Four Questions for Your Cataract Surgeon

It can be a scary thing to face cataract surgery. In fact, most eye doctors need a lesson in bedside manner. Eye doctors get in a big a hurry and tell patients they need cataract surgery to improve their vision without really explaining what a cataract is and what cataract surgery is all about. 

A cataract is a clouding of the eye's lens. Cataracts are the leading cause of blindness among people older than 55. Most older people have some degree of lens clouding, which is a normal part of aging. A cataract is similar to looking through a foggy window. Cataracts usually grow so slow that you will not notice the decrease in your vision. Cataracts can cause you to need a lot more light to read. People with cataracts often complain about glares and halos around lights while driving at night. Sometimes night  driving becomes almost impossible.

If you are considering cataract surgery, be sure to do your research so you know what to expect. Following are five questions to ask your doctor before he or she performs your cataract surgery.

1
Will I know when it's time for cataract surgery?

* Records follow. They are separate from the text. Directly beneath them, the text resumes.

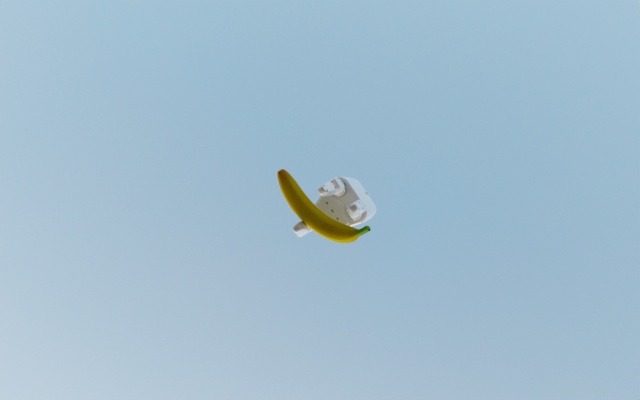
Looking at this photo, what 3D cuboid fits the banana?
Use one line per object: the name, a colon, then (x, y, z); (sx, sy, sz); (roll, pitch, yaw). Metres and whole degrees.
banana: (-0.005, 0.020, 0.837); (0.197, 0.070, 0.037); (33, 23, 16)
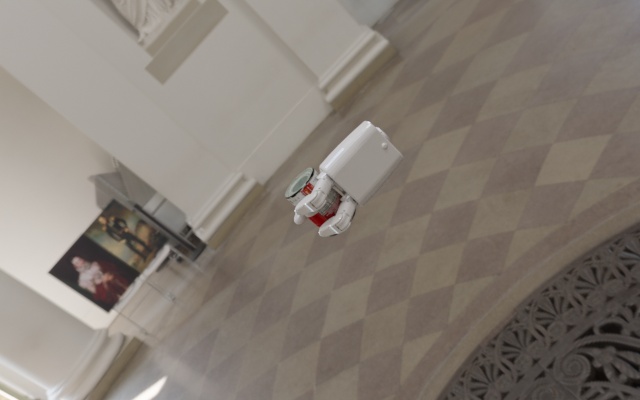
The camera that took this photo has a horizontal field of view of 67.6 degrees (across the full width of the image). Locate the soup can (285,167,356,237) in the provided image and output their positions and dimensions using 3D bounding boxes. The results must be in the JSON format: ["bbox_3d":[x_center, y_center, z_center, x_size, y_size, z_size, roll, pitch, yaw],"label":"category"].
[{"bbox_3d":[0.000,0.003,0.792,0.102,0.068,0.068,42,-16,-19],"label":"soup can"}]
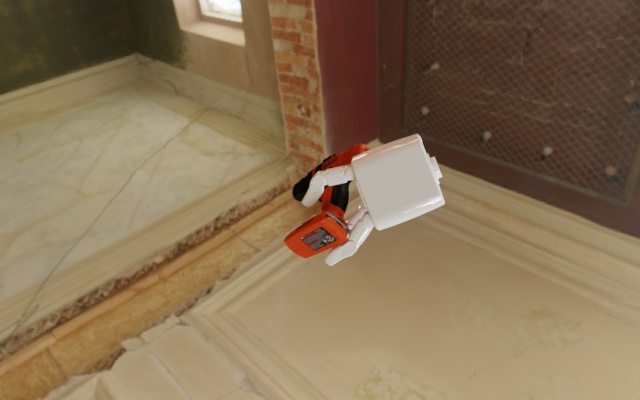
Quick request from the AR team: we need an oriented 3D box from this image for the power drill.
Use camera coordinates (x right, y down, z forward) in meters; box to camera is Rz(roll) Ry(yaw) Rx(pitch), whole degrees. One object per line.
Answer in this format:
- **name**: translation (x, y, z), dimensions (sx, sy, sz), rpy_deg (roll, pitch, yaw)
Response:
- **power drill**: translation (0.000, 0.003, 0.796), dimensions (0.057, 0.187, 0.184), rpy_deg (39, -47, -23)
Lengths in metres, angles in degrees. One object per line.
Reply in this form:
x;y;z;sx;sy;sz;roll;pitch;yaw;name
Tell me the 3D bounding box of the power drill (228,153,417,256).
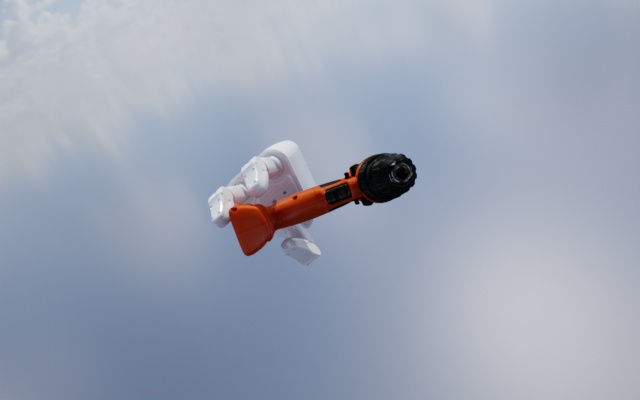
0.000;0.002;0.511;0.187;0.057;0.184;-19;-1;-6;power drill

Patient counseling is a priority. Dan Dalton

The answer to this question in some ways is simple: when you feel that your vision is not as good as you would like it to be. In the real world, it is sometimes difficult to tell when that is. Cataracts usually grow slowly so it's not always easy to tell. Ask your doctor what the quantity and the quality of your vision is. One way to measure quantity of vision is to find out what your best corrected visual acuity is. This means exactly how good your vision can be with corrective glasses or contact lenses. This will give you an idea of how bad your cataracts are. Normal eyes see 20/20. If your vision is 20/60, that is several times worse than normal. The quality of your vision can be measured by a BAT test. A BAT will simulate how your vision is when faced with headlights while driving at night. You may have 20/25 best corrected vision, but when measured by a BAT test, your vision may drop to 20/100.

2
What type of surgery will I have?

A picture of a cataract
A.D.A.M.

A few years ago, this was a simple question. Traditionally, most people had cataract surgery by phacoemulsification. The procedure was completed using a small blade for an initial incision, followed by a procedure conducted with a phacoemulsifier. A phacoemulsifier is an ultrasound device that vibrates at such a high speed that the cataract is emulsified or dissolved into tiny fragments and gently suctioned out of the eye. Fast forward to 2011 when the FDA approved "laser cataract surgery" or more precisely, "femtosecond laser cataract surgery." In laser cataract surgery, a surgeon can view a magnified, high-resolution image given to him or her by a built-in OCT device.  A peripheral incision can then be made strategically without taking the surgeon's experience into account. This laser-designed incision is safer and seals better than a surgeon-made incision. 

There is no question that in the hands of a highly trained cataract surgeon, laser cataract surgery is an excellent and advanced option. However, due to anatomy, some people cannot have laser cataract surgery. Phacoemulsification is still a very high quality way to perform cataract surgery. Part of your decision will be based on cost, as Medicare and commercial insurance companies do not cover laser cataract surgery.

3
What type of lens implant will be placed in my eye?

ADAM

This is one area where a lot of discussion should take place between patient and surgeon. The question really is centered more on your lifestyle than optics. How do you use your eyes on a daily basis? What special interests do you have? Are you a type-A personality where detail is super important to you? It is important because your surgeon can basically set your vision where you want it. Do you want to have perfect, glasses-free distance vision and then wear reading glasses for near vision, or the opposite? 

Once again, times have changed. Now people have the option of having the surgeon insert a multifocal intraocular lens implant. This means that the implant will attempt to deliver high quality distance vision, intermediate vision and near vision with no glasses. While the multifocal technology is indeed advanced, most surgeons will make sure the patient understands that there is no guarantee that they will have totally glasses-free vision.

4
What is my risk of possible complications?

LASIK Candidate
Antonio M. Rosario / Getty Images

All cataract surgery carries the risks of infection, bleeding and retinal detachment. However, some people may have a higher risk of these complications than others. For example, people that are highly nearsighted have a higher risk of having a retinal detachment during their lifetime than someone who is not nearsighted. When surgeons have a patient that is high risk, they may take special precautions or have a retinal specialist on call if problems occurr. Another example may be a patient who is taking a blood thinner or anti-coagulant for heart problems. These patients are sometimes asked to discontinue these medications for a couple of days before surgery.